O boy!!! Surprise! It's a BOY!!!

Our last Dr. appt started out much like any other Dr. appt.  Lots of waiting around the waiting room and then finally we are called in.  I held my breath the whole time thinking "Please let this baby be growing and look healthy."  The guy who does the sonogram is pretty socially awkward (why he would choose a profession where he sees women on a daily basis and is touching them with a wand is beyond me.  nice guy but TOTALLY AWKWARD).  He doesn't really say much during the whole process unless you ask him questions and then he will answer away.  He said "everything looks good and your baby weighs a pound a half and is growing beautifully.  Are you interested in knowing the sex of the baby?"  Well yes of course we want confirmation of the sex of the baby.  So again he starts moving around and then he freezes the screen and says "See those things there between the legs?  It's a boy!" 
Baby Boy at 24 weeks


And he smiles at me.  I only remember time stopping and i practically- well not practically i actually did yell at him "Are you shitting me??"  He got so uncomfortable and said "no i'm serious.  See this little turtle looking thing here?" 

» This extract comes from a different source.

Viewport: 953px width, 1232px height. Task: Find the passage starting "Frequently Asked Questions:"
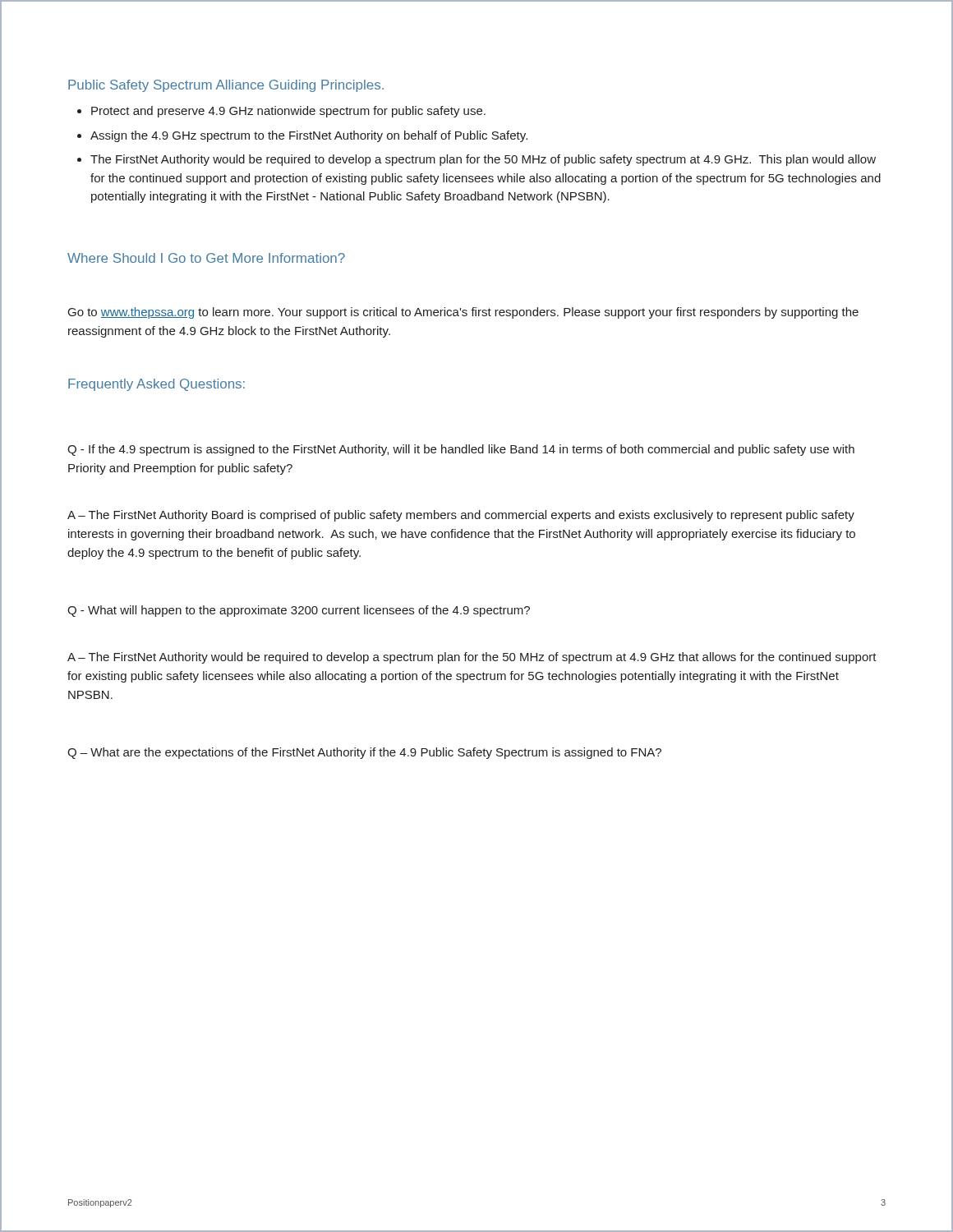[x=157, y=385]
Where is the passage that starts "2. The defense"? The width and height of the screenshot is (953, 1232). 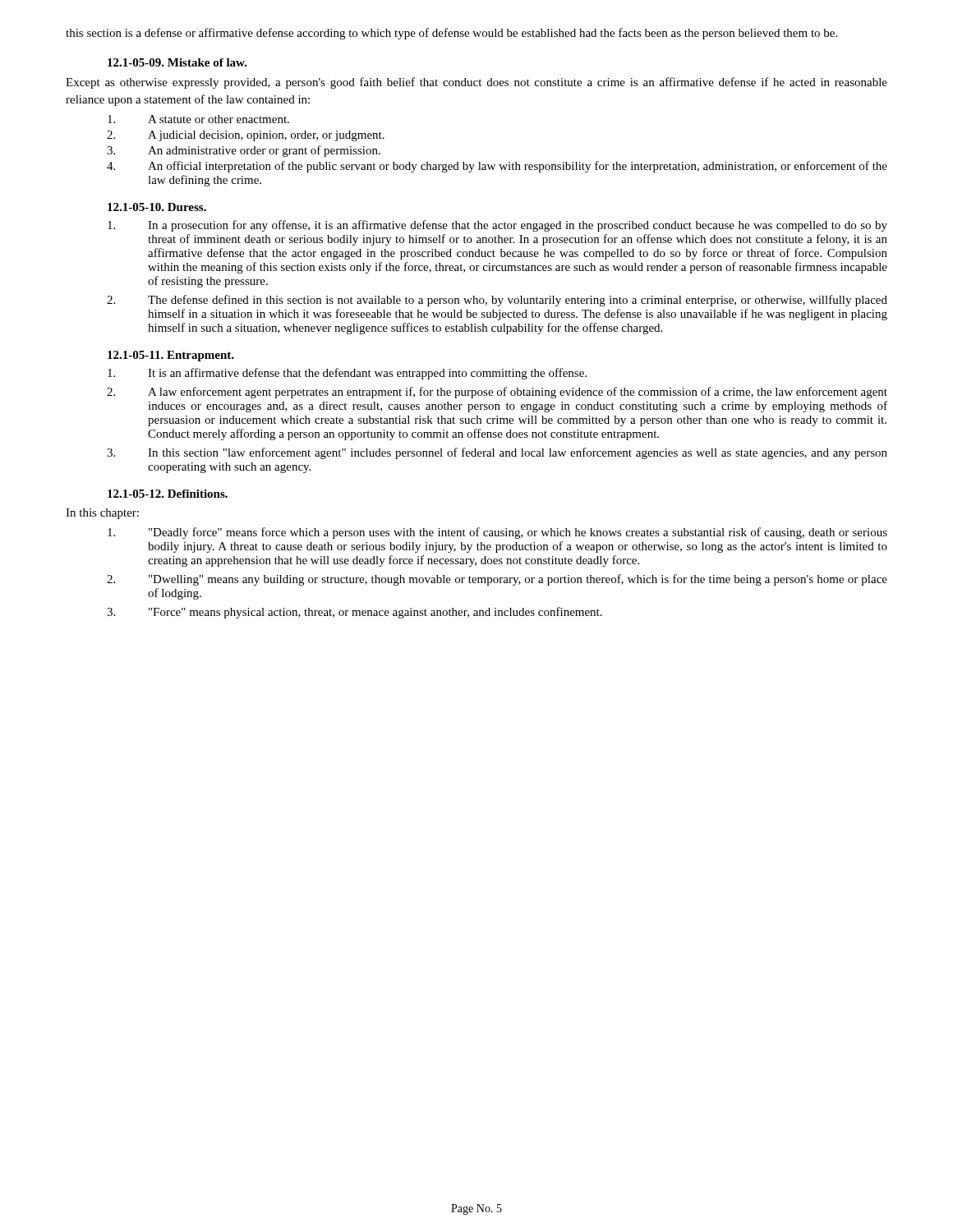(x=476, y=314)
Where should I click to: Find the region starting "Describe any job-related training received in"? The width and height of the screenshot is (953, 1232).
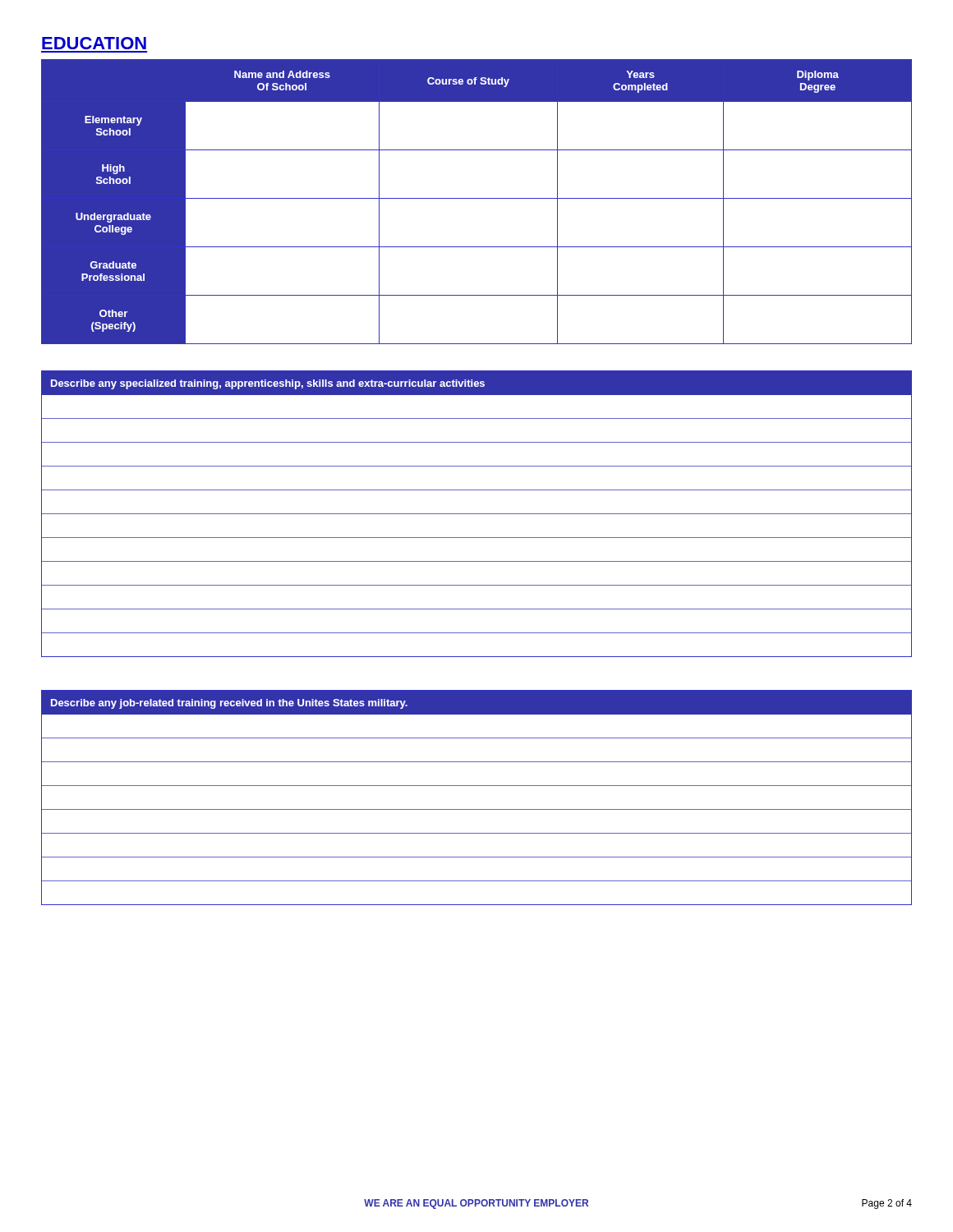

I obviously get the turtle reference now


At the time i didn't even get what he meant because my mind was reeling and i had started to cry.  And i continued to cry for a solid 30 minutes.  Richie had laughed originally when he heard the news but now he was at a loss as to what to say to me as was the sonogram technician who awkwardly handed me a tissue and ushered me out the door.  The people in the waiting room stared at me and my Dr. asked me what was wrong.  I just knew i wanted to go home.  It was a long weekend.

The only thing i can really say about that is that for 8 weeks I had been talking to a baby girl in my head and my heart and my dreams.  And i felt like i was suddenly stripped of her.  I was not prepared.  It's not that I didn't want a boy because Richie and I just wanted a happy, healthy baby.  But i had already built these dreams and ideas about her and suddenly they meant nothing.  I was at a loss.  The only way i can really draw a analogy is that I love volleyball and basketball equally.  But for 8 weeks someone told me to practice volleyball so that's all i thought about pretty much 24-7.  Then suddenly I was thrown into a basketball game and I wasn't prepared.  I love playing both sports but i'm such a huge planner and it took me by surprise.  It took me an entire week to adjust to the new way of thinking.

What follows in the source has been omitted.